Quantum computers transmit information through photons, particles of light, and the basic unit of information is stored in a qubit, which can accommodate both states of 1 and 0. On the other hand, classical computers utilize binary methods, where a bit represents either a 1 or a 0. Moreover, classical algorithms like the Rivest-Shamir-Adleman Algorithm (RSA) depend on random number generation, which helps generate public and private keys. These keys are used for encrypting and decrypting data. However, since the RSA algorithm is an asymmetric algorithm, an algorithm that utilizes a public and private key, a third party platform is required to confirm the validity of a public key and decryption requires extensive processing by the receiver.

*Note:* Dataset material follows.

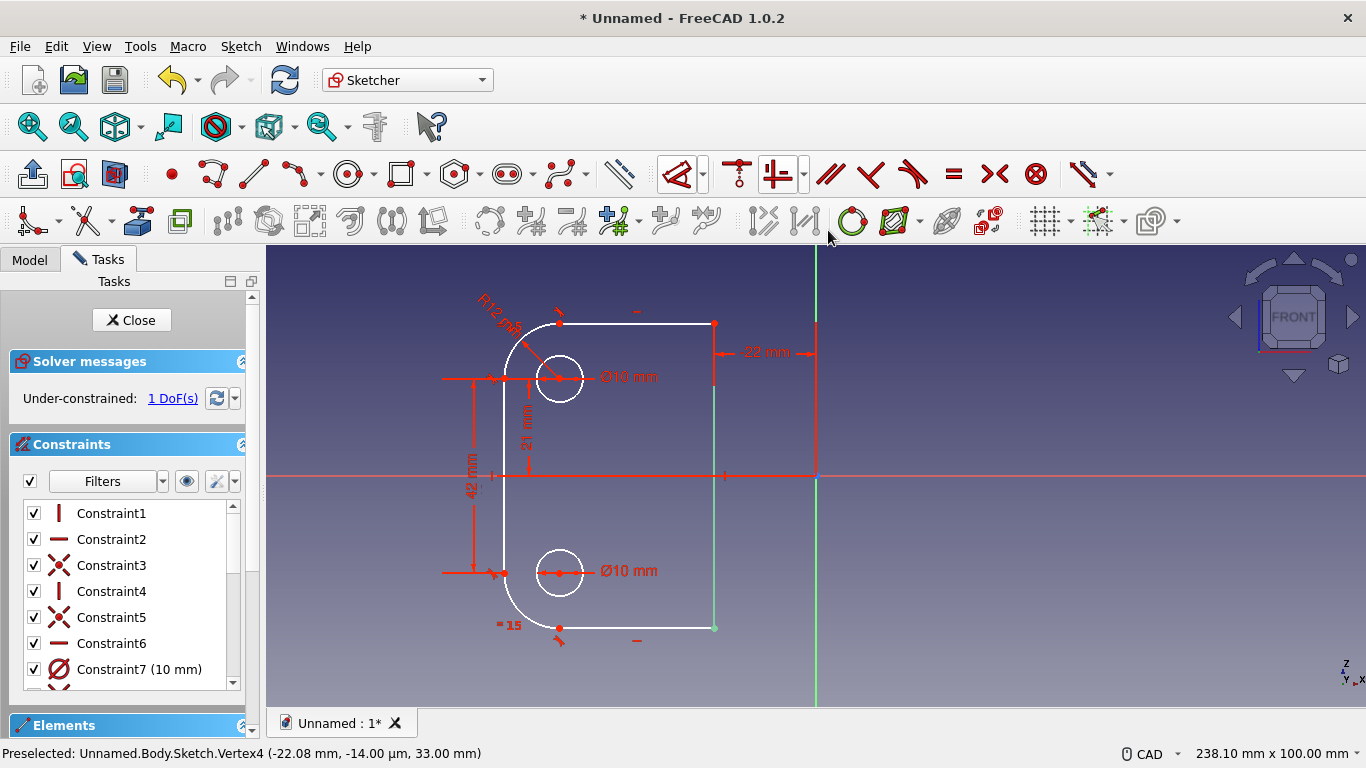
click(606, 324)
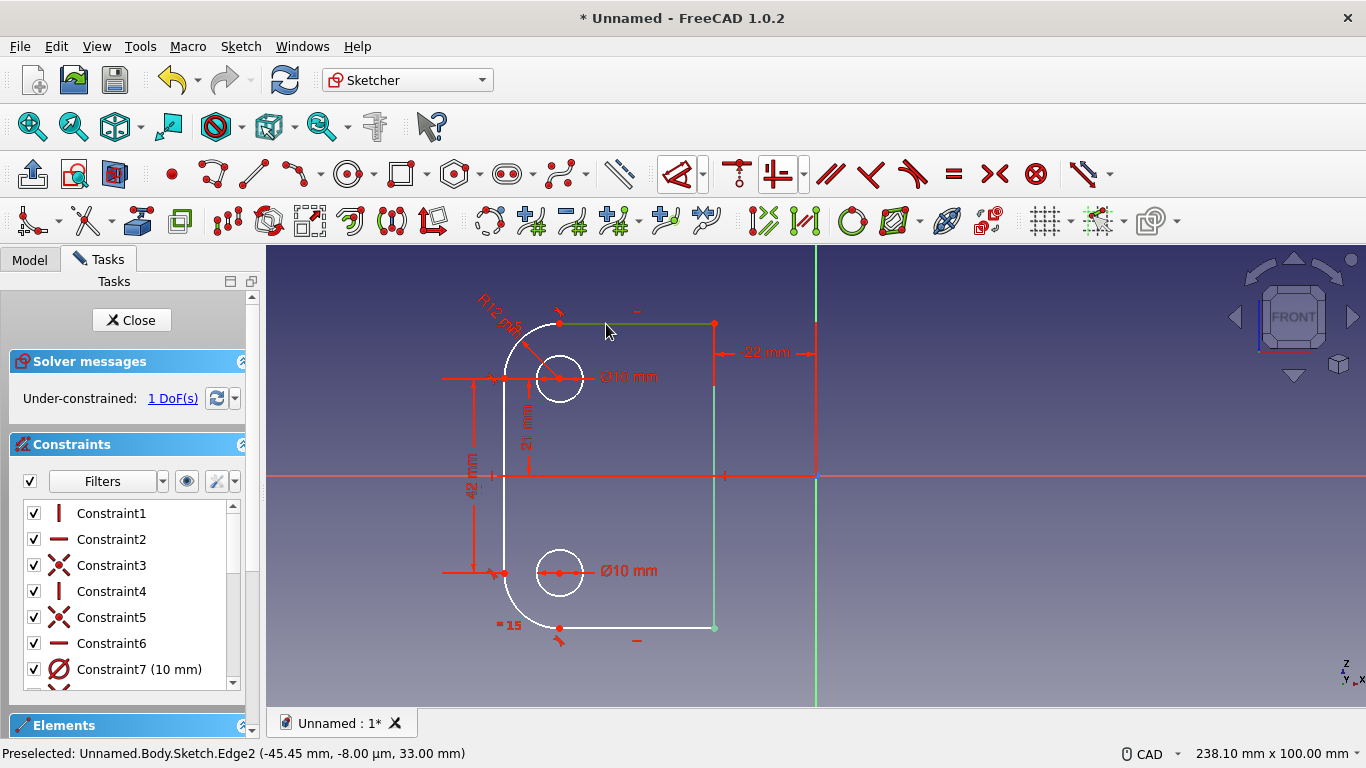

Therefore, data transfer and processing is slow. In order to combat this limitation, usage of quantum technology and computers is necessary to advance efficiency and security. Quantum Algorithms like Shor's Algorithm implement the properties of quantum physics and portray how quantum technology accomplishes complex tasks in an instant, which might take an exponential time for classical computers.

Quantum computers exhibit efficiency by working with photons and by following the principle of quantum entanglement. The entanglement property indicates that a change in the state of a photon signals the change in state of another photon, which makes it visible to detect malicious entities. Specifically, when utilizing Quantum Key Distribution (QKD) and cryptography protocols like Charles Bennett and Gilles Brassard’s protocol in 1984 (BB84), the probability of malicious activities is further reduced. Quantum cryptography’s QKD technology is a symmetric single key encryption technology that allows two users to share a secret cryptographic key which is encrypted in an algorithm called block cipher. This key is secure and private. Single key encryption helps protect data more efficiently against attackers and foreign adversaries compared to public key encryption as the latter process involves the risk of losing the private key, and thus losing the ability to decrypt messages.

Even though quantum computers seem to address possible threats, the threat of Side-Channel Attacks is still prevalent. Side-Channel Attacks are physical attacks on the cryptosystem that influence how the algorithms are implemented and how the programs are executed. Side-Channel Attacks aim to attack the hardware and use power consumption, electromagnetic radiation, and sound emissions to indirectly extract information from the system. Eavesdroppers may still obtain the secret-key bits by utilizing the imperfections of QKD technology. For example, a time shift attack was conducted in 2007 with the help of a detection efficiency loophole. Through this attack, a commercial BB84 system was hacked as the eavesdropper controlled the receiver’s single photon detector by inputting tailored bright illumination. It was also understood that the receiver’s choice of measurements can be predetermined by an eavesdropper since the reflection to transmission ratio was dependent on wave-length frequencies.

Considering the advantages and limitations of quantum computer security, we present an overview of the terminologies and concepts surrounding quantum security. Furthermore, taking into account the ongoing effects of Side-Channel Attacks, this study aims to introduce the foundational concepts and theories relevant to eavesdropping and Side-Channel Attacks for the purpose of efficient quantum computer security.